Janus Borig had said something else that night she died, hadn’t she? Not just ‘You won’t be Prism.’

“If I win, I don’t want to be named Prism; I want you to publicly acknowledge me as the Lightbringer.”

The teacup hovered halfway to Andross’s mouth. His lower eyelids tensed and his eyebrows moved almost imperceptibly—merely surprise, or was that fear?—then his lips narrowed and his eyes tightened, back into an expression Kip had seen before.

“Now, that was interesting,” Kip the Lip said. “Why would you be afraid of that?”

The anger hardened. “Not ‘afraid.’ It’s certainly audacious. I guess you learned something about overawing your opponents when you demanded to be made satrap in Dúnbheo. Well done. It won’t work here.”

“My God,” Kip said, ignoring him. “You think you’re the Light-bringer!”

The stricken look on Andross’s face was priceless. And it was confirmation. Kip was so surprised, he laughed aloud and clapped his hands.

Andross’s face went black.
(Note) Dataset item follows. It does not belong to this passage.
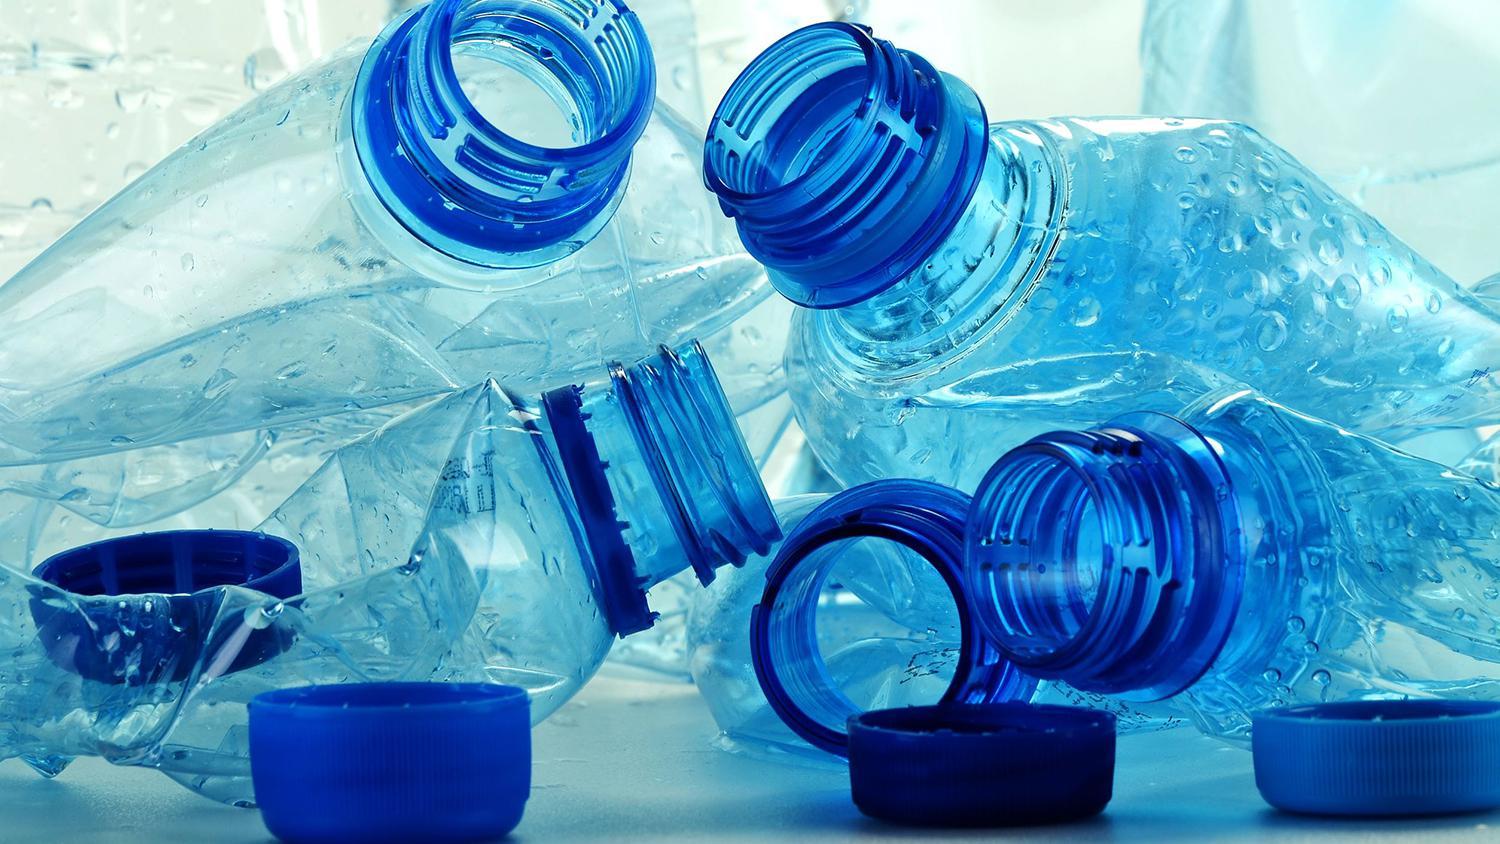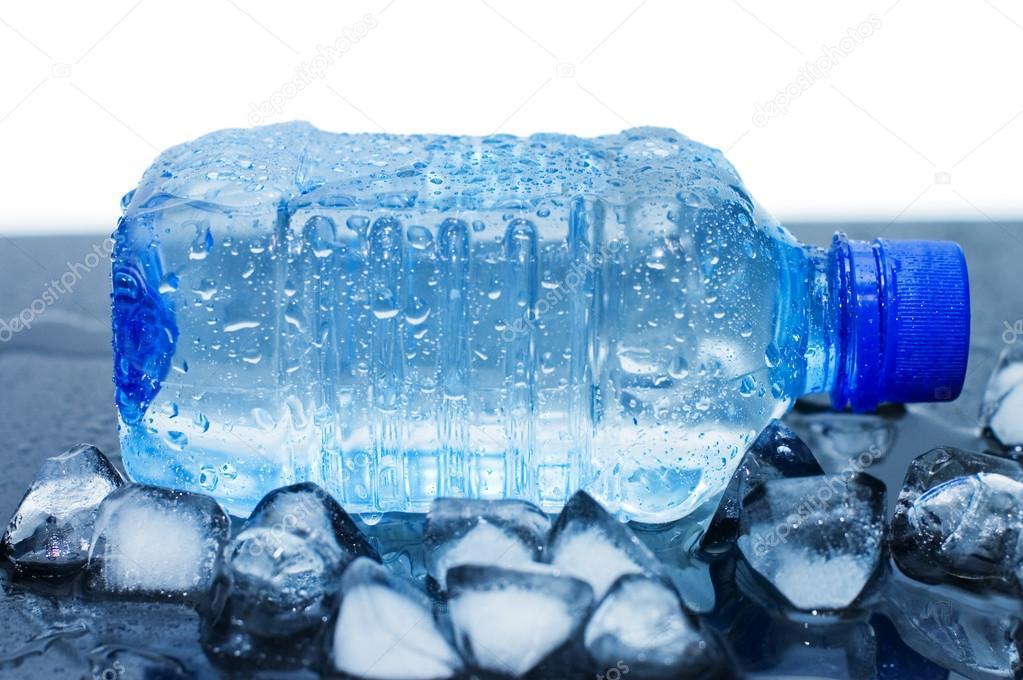The first image is the image on the left, the second image is the image on the right. For the images displayed, is the sentence "There are exactly four bottles of water in one of the images." factually correct? Answer yes or no. No.

He banged down his teacup and snatched up a pistol and bolted out of his seat, sending his chair crashing. He cocked the jaw and pointed the pistol at Kip’s upturned face. His hand trembled.

Kip looked at him, serene.

Andross’s finger lifted from the trigger. He lowered the cockjaw, clearing his throat. Then he put the pistol back down on the table and sat in the chair, which Grinwoody had put back in place.

Grinwoody mopped up a bit of spilled tea.

“Yes, I do,” Andross said. “Forty years of preparations, and gathering prophecies, and sacrificing . . . everything. Everything, that I might save our empire, and our very world. Well done, Kip, you have found me out. I daresay not even Grinwoody had guessed it. Had you, Grinwoody?” he asked, turning to him.

“No, my lord. I stand in awe, sir, that one could possibly conceal something so profound about one’s identity from the person at your very shoulder.” The slave bowed deeply, respectfully.

“But . . . but you’re not even a full-spectrum polychrome,” Kip said. This he hadn’t meant to say aloud.

“Am I not?” Andross asked.

“Holy shit,” Kip breathed. “You kept yourself from drafting half your colors for forty years?!”

“It was the least of my sacrifices, I assure you. But—” He raised a finger suddenly, as if to forestall questions about what the other sacrifices were. “But I’ll admit that it’s not escaped my attention that there are certain ways of reading the prophecies that could indicate you are he, and certain qualifications that you currently lack might, after all, not emerge until you’re older. I’ve thought about this no small amount. So . . . yes. Yes, should you win, I will begin paving the way immediately; I will protect you; and I will fully champion you the moment you’re ready to announce your identity—in the unlikely event it’s not immediately apparent to the whole world.”